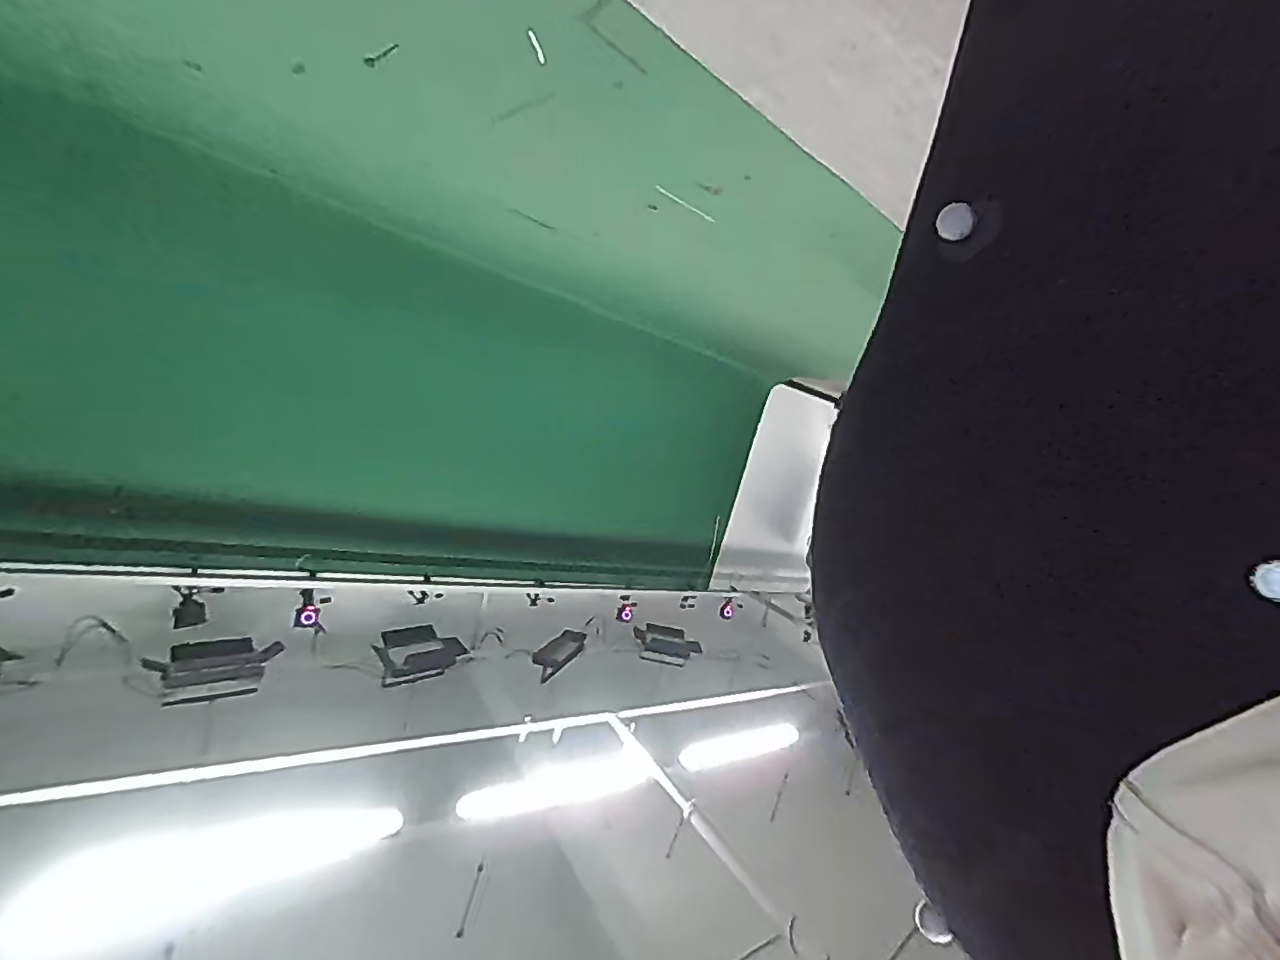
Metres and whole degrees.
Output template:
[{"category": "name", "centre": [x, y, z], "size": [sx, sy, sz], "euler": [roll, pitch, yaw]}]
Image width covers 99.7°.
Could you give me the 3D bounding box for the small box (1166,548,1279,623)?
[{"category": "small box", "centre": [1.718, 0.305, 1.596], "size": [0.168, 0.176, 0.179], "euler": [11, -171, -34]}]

• **What you need to do**
A word-for-word transcription of the entries above, free of images, is what is wanted.

• **Answer space**
Metres and whole degrees.
Output template:
[{"category": "name", "centre": [x, y, z], "size": [sx, sy, sz], "euler": [roll, pitch, yaw]}]
Image width covers 99.7°.
Could you give me the 3D bounding box for the small box (1166,548,1279,623)?
[{"category": "small box", "centre": [1.718, 0.305, 1.596], "size": [0.168, 0.176, 0.179], "euler": [11, -171, -34]}]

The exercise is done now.